## [RECORDS SHOWN]
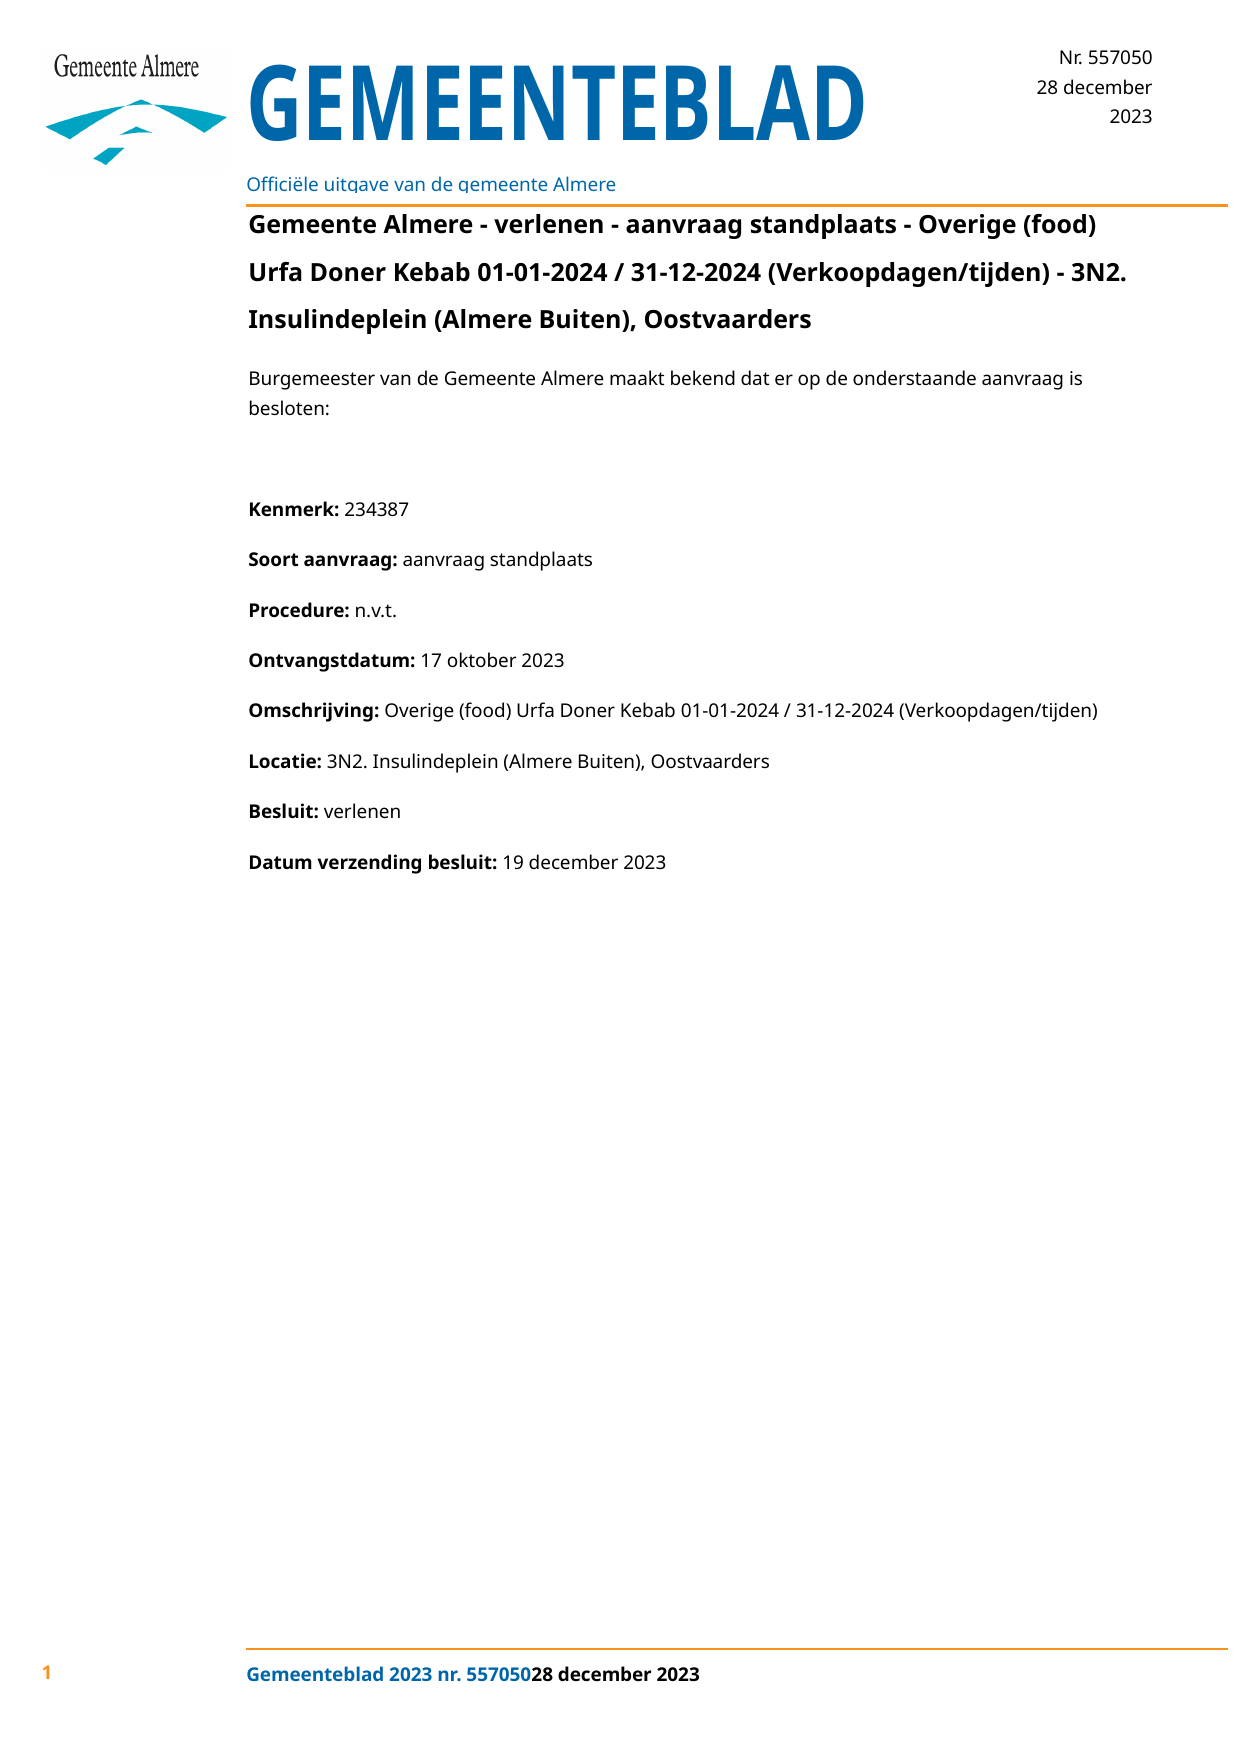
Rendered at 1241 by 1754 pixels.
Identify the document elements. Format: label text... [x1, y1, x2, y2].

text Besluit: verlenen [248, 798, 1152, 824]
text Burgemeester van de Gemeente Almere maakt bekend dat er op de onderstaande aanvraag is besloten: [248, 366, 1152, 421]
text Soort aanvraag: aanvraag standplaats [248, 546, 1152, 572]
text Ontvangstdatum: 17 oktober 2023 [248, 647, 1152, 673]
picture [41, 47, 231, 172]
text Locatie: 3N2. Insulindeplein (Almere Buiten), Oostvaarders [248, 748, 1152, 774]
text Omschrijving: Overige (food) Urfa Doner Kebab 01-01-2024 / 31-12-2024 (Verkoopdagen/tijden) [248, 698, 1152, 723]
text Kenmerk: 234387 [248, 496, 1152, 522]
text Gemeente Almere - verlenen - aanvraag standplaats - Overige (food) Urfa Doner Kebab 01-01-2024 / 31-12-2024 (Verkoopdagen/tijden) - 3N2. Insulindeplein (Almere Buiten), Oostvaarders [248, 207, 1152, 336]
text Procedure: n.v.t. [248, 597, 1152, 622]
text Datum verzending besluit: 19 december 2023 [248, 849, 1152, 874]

==

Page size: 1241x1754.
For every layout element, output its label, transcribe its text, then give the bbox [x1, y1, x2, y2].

## [TASK DIRECTIONS]
An exact copy of the lines above between the line holding "Page size: 1241x1754." and the line holding "For every layout", inclusive, is the whole answer.

## [TASK OUTPUT]
Page size: 1241x1754.
For every layout element, output its label, transcribe its text, then give the bbox [x1, y1, x2, y2].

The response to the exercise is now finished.